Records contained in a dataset

((

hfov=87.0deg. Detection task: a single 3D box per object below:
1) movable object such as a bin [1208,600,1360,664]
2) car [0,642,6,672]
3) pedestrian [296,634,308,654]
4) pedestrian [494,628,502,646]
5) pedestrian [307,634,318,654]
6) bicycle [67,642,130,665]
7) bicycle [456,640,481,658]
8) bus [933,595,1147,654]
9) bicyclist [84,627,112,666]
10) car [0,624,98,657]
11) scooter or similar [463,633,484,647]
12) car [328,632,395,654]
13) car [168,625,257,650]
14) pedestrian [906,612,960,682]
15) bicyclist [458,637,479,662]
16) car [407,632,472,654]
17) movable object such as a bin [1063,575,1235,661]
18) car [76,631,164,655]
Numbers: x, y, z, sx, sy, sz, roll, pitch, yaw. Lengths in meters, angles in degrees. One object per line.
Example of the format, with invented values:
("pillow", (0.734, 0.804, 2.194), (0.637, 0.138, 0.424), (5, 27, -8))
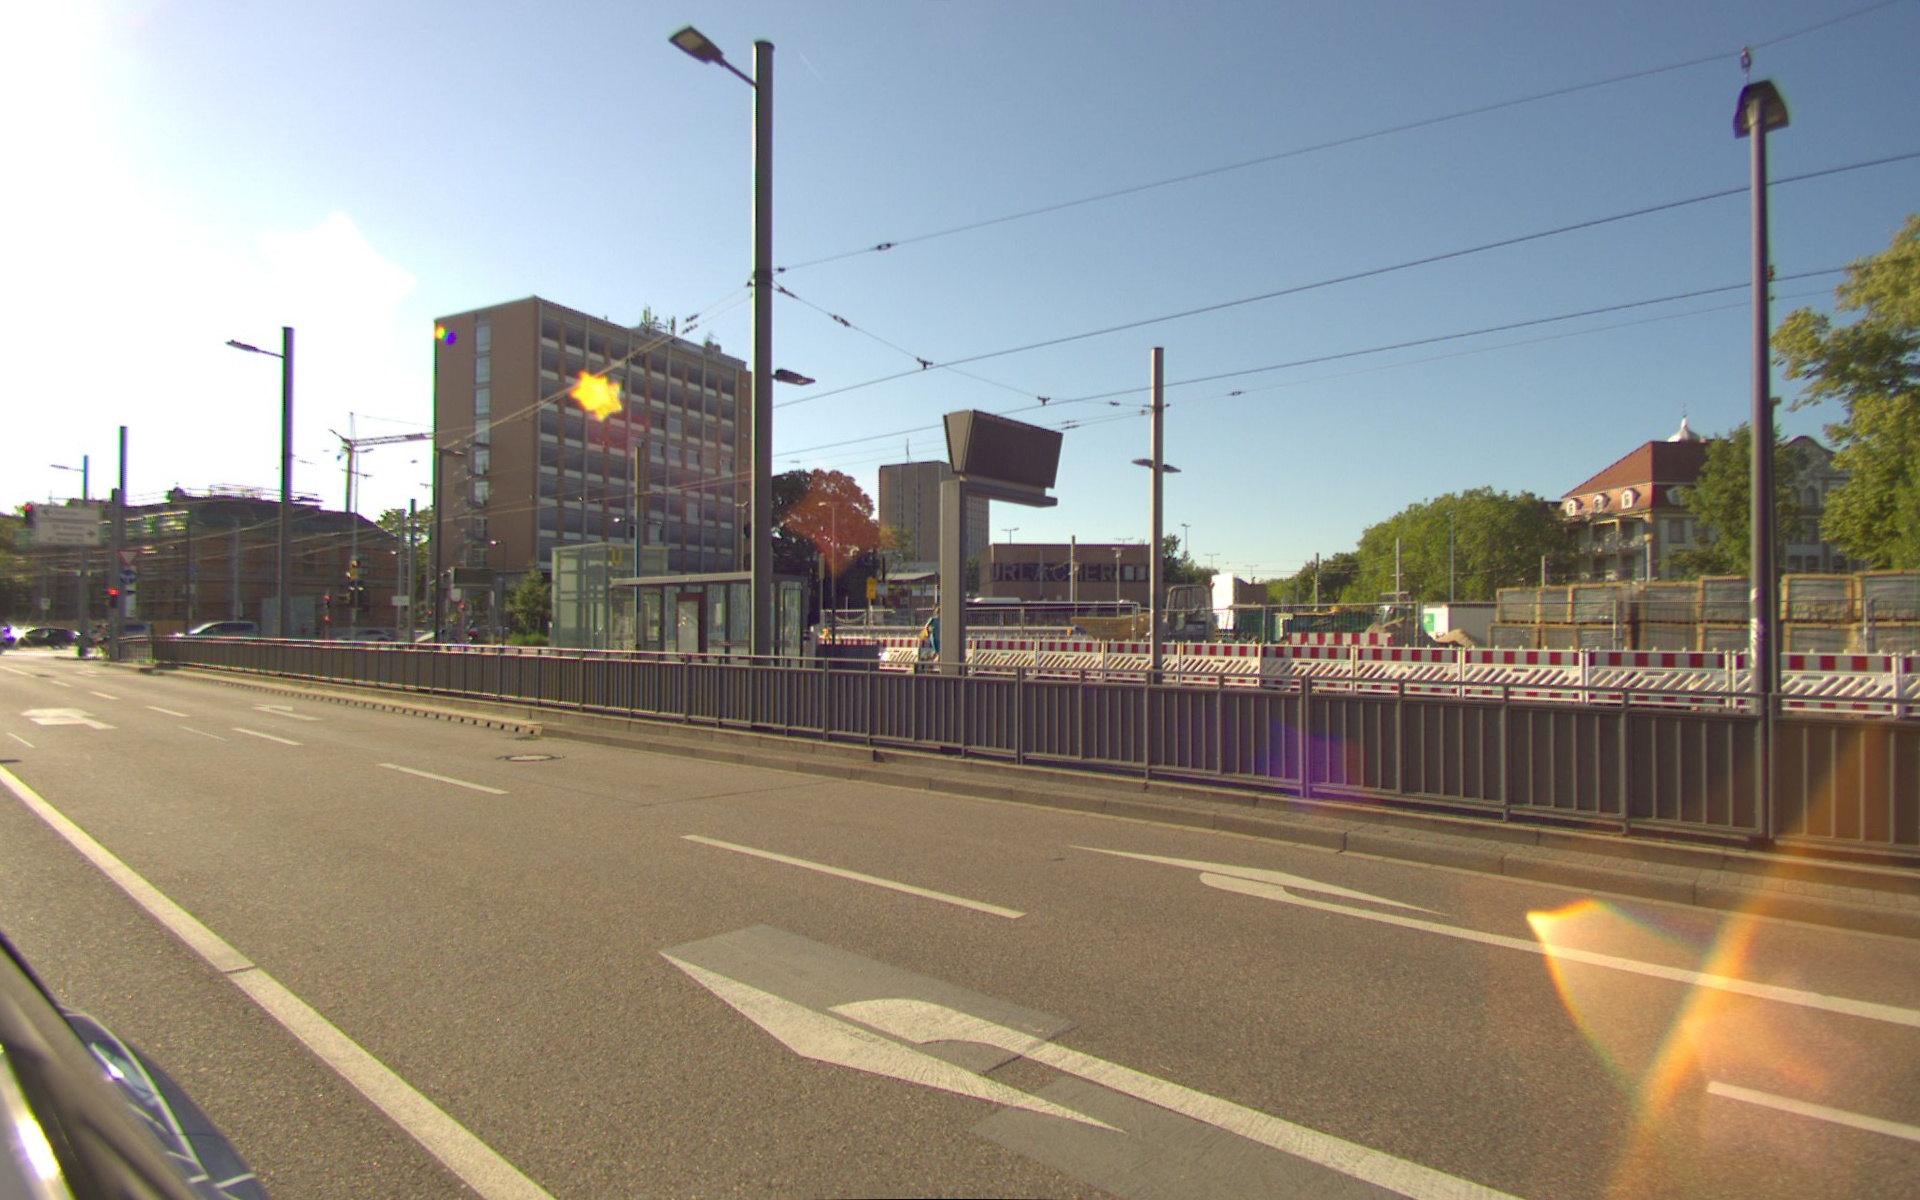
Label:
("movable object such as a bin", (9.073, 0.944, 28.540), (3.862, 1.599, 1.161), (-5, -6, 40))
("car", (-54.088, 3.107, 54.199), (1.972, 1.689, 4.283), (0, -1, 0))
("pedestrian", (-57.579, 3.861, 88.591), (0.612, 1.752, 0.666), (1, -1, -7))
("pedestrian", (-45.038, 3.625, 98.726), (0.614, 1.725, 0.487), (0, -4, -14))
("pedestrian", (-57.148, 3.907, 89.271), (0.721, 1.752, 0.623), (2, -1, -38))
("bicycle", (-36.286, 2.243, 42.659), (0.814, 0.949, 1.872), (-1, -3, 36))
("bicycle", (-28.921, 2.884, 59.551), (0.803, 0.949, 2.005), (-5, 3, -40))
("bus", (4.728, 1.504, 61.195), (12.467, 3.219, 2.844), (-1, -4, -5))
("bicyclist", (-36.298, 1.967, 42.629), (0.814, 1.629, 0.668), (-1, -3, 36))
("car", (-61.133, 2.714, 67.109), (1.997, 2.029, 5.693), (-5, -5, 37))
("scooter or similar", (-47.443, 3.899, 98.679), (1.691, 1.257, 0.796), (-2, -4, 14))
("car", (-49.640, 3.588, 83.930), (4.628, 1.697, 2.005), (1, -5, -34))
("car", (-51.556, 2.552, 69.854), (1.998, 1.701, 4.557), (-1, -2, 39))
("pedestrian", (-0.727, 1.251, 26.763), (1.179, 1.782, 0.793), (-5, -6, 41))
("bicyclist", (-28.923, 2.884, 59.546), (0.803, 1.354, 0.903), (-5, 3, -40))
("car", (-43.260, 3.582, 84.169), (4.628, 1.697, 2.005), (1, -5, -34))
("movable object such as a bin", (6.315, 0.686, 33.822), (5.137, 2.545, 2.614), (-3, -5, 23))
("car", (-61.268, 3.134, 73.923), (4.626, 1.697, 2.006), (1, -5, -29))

))

All that should be written out is the stretch of lines above between the one holding "8) bus [933,595,1147,654]" and the one holding "Example of the", inclusive, exactly as given.

8) bus [933,595,1147,654]
9) bicyclist [84,627,112,666]
10) car [0,624,98,657]
11) scooter or similar [463,633,484,647]
12) car [328,632,395,654]
13) car [168,625,257,650]
14) pedestrian [906,612,960,682]
15) bicyclist [458,637,479,662]
16) car [407,632,472,654]
17) movable object such as a bin [1063,575,1235,661]
18) car [76,631,164,655]
Numbers: x, y, z, sx, sy, sz, roll, pitch, yaw. Lengths in meters, angles in degrees. One object per line.
Example of the format, with invented values:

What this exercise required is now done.